As I begin to write this post, I mark a milestone of 40 consecutive days of successfully practicing a new, constructive morning routine that includes journaling and meditation. I’ve had the goal of such a routine for, well, decades, but never before been able to execute consistently. I had practiced short sessions of breathing meditation on and off (mostly off) for perhaps a decade and had managed a few dozen short journal entries over the past few years, but that was it. On the latter, I was only moved to write when experiencing an emotional extreme, at a height of inspiration or in the depths of depression. In the long stretches of relatively even-keel existence, this practice typically fell by the wayside in my day-to-day busyness.
Motivation
My initial motivation for attempting to regularly meditate and journal arose from the repeated recommendations of the practices in the positive psychology literature. Behind the foundational physiology-focused wellness practices, including getting 8+ hours of sleep nightly (accounting for measurable difference in IQ scores), eating a whole foods, vegetable-centric diet (more than 90% of the body’s supply of the neurotransmitter serotonin is manufactured by intestinal bacteria, so feeding [them] well is essential for mood as well as health), and getting regular exercise (in its promotion of serotonin, norepinephrine, and dopamine, as effective as taking Zoloft in treating depression with effects akin to taking “a little bit of Ritalin” for focus and “a little bit of Prozac” for affect), these practices, meditation in particular, made the list of happiness-promoting habits of nearly every positive psychology researcher I have read.

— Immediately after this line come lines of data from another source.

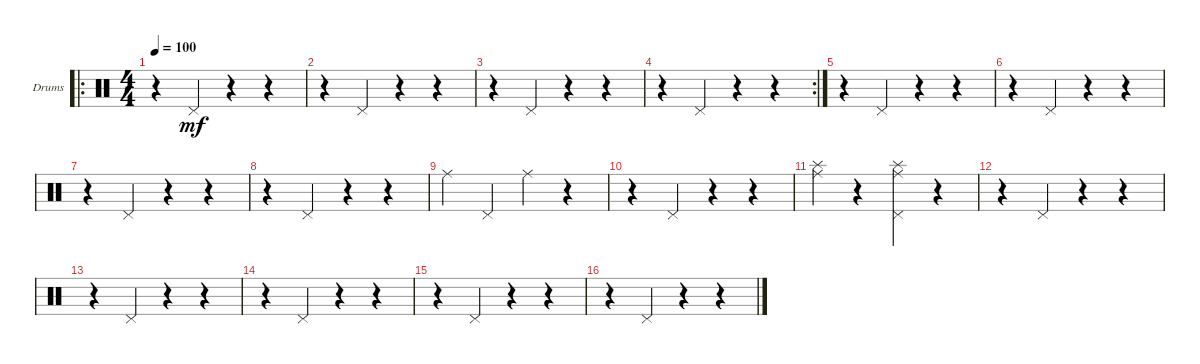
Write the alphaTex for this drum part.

\defaultSystemsLayout 4
\bracketExtendMode groupsimilarinstruments
\firstSystemTrackNameOrientation horizontal
\otherSystemsTrackNameOrientation horizontal
\track ("Joey Baron" "Drums") {instrument percussion}
\staff {score}
\articulation defaults
\ro
\ts (4 4)
\tempo 100
\clef neutral
\ks c
r.4{dy mf} "Pedal Hi-Hat (hit)".4 r.4 r.4 |
r.4 "Pedal Hi-Hat (hit)".4 r.4 r.4 |
r.4 "Pedal Hi-Hat (hit)".4 r.4 r.4 |
\rc 2
r.4 "Pedal Hi-Hat (hit)".4 r.4 r.4 |
r.4 "Pedal Hi-Hat (hit)".4 r.4 r.4 |
r.4 "Pedal Hi-Hat (hit)".4 r.4 r.4 |
r.4 "Pedal Hi-Hat (hit)".4 r.4 r.4 |
r.4 "Pedal Hi-Hat (hit)".4 r.4 r.4 |
"Ride (middle)".4 "Pedal Hi-Hat (hit)".4 "Ride (middle)".4 r.4 |
r.4 "Pedal Hi-Hat (hit)".4 r.4 r.4 |
("Ride (middle)" "Splash (hit)").4 r.4 ("Pedal Hi-Hat (hit)" "Ride (middle)" "Splash (hit)").4 r.4 |
r.4 "Pedal Hi-Hat (hit)".4 r.4 r.4 |
r.4 "Pedal Hi-Hat (hit)".4 r.4 r.4 |
r.4 "Pedal Hi-Hat (hit)".4 r.4 r.4 |
r.4 "Pedal Hi-Hat (hit)".4 r.4 r.4 |
r.4 "Pedal Hi-Hat (hit)".4 r.4 r.4

In his excellent, erudite book The Happiness Hypothesis, Jonathan Haidt persuasively makes the point on the research behind the efficacy of meditation:
“Suppose you read about a pill that you could take once a day to reduce anxiety and increase your contentment. Would you take it? Suppose further that the pill has a great variety of side effects, all of them good: increased self-esteem, empathy, and trust; it even improves memory. Suppose, finally, that the pill is all natural and costs nothing. Now would you take it? The pill exists. It is meditation.”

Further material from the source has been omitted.